Exclude all pictures from your copy of the data below, which should otherwise match exactly.

Data shown
%%
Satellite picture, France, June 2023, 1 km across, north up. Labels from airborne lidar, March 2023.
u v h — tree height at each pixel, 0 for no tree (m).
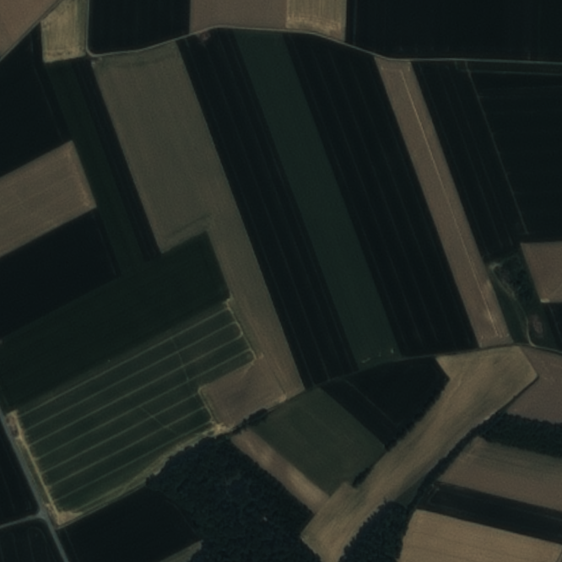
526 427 9
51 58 0
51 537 0
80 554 0
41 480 0
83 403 0
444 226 0
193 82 0
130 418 0
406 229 0
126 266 0
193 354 0
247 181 0
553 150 0
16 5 0
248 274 0
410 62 0
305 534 0
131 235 0
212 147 0
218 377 0
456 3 0
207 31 0
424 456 0
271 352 0
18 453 0
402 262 0
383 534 29
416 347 0
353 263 0
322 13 0
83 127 0
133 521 0
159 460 0
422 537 0
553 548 0
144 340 0
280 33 0
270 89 0
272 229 0
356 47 0
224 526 24
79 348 0
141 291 0
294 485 0
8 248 0
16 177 0
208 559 26
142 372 0
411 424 7
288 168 0
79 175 0
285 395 0
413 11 0
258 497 26
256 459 0
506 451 0
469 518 0
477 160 0
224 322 0
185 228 0
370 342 0
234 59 0
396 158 0
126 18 0
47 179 0
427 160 0
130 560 0
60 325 0
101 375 0
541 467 0
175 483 21
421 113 0
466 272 0
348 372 0
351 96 0
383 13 0
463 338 0
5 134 0
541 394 0
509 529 0
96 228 0
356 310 0
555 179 0
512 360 0
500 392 0
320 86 0
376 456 0
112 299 0
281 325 0
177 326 0
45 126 0
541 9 0
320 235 0
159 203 0
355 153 0
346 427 0
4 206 0
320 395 0
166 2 0
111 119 0
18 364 0
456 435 0
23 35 0
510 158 0
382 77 0
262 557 27
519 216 0
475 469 0
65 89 0
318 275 0
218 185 0
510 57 0
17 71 0
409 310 0
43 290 0
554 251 0
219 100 0
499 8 0
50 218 0
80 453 0
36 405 0
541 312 0
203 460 25
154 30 0
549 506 0
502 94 0
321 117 0
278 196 0
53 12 0
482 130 0
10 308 0
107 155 0
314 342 0
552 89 0
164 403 0
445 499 0
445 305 0
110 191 0
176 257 0
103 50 0
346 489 0
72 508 0
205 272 0
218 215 0
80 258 0
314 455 0
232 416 0
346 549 0
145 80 0
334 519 0
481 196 0
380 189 0
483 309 0
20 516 0
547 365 0
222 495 17
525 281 8
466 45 0
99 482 0
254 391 0
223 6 0
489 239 0
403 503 0
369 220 0
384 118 0
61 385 0
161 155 0
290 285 0
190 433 0
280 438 0
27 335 0
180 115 0
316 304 0
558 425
%%
Result for this task
Satellite picture, France, June 2023, 1 km across, north up. Labels from airborne lidar, March 2023.
u v h — tree height at each pixel, 0 for no tree (m).
526 427 9
51 58 0
51 537 0
80 554 0
41 480 0
83 403 0
444 226 0
193 82 0
130 418 0
406 229 0
126 266 0
193 354 0
247 181 0
553 150 0
16 5 0
248 274 0
410 62 0
305 534 0
131 235 0
212 147 0
218 377 0
456 3 0
207 31 0
424 456 0
271 352 0
18 453 0
402 262 0
383 534 29
416 347 0
353 263 0
322 13 0
83 127 0
133 521 0
159 460 0
422 537 0
553 548 0
144 340 0
280 33 0
270 89 0
272 229 0
356 47 0
224 526 24
79 348 0
141 291 0
294 485 0
8 248 0
16 177 0
208 559 26
142 372 0
411 424 7
288 168 0
79 175 0
285 395 0
413 11 0
258 497 26
256 459 0
506 451 0
469 518 0
477 160 0
224 322 0
185 228 0
370 342 0
234 59 0
396 158 0
126 18 0
47 179 0
427 160 0
130 560 0
60 325 0
101 375 0
541 467 0
175 483 21
421 113 0
466 272 0
348 372 0
351 96 0
383 13 0
463 338 0
5 134 0
541 394 0
509 529 0
96 228 0
356 310 0
555 179 0
512 360 0
500 392 0
320 86 0
376 456 0
112 299 0
281 325 0
177 326 0
45 126 0
541 9 0
320 235 0
159 203 0
355 153 0
346 427 0
4 206 0
320 395 0
166 2 0
111 119 0
18 364 0
456 435 0
23 35 0
510 158 0
382 77 0
262 557 27
519 216 0
475 469 0
65 89 0
318 275 0
218 185 0
510 57 0
17 71 0
409 310 0
43 290 0
554 251 0
219 100 0
499 8 0
50 218 0
80 453 0
36 405 0
541 312 0
203 460 25
154 30 0
549 506 0
502 94 0
321 117 0
278 196 0
53 12 0
482 130 0
10 308 0
107 155 0
314 342 0
552 89 0
164 403 0
445 499 0
445 305 0
110 191 0
176 257 0
103 50 0
346 489 0
72 508 0
205 272 0
218 215 0
80 258 0
314 455 0
232 416 0
346 549 0
145 80 0
334 519 0
481 196 0
380 189 0
483 309 0
20 516 0
547 365 0
222 495 17
525 281 8
466 45 0
99 482 0
254 391 0
223 6 0
489 239 0
403 503 0
369 220 0
384 118 0
61 385 0
161 155 0
290 285 0
190 433 0
280 438 0
27 335 0
180 115 0
316 304 0
558 425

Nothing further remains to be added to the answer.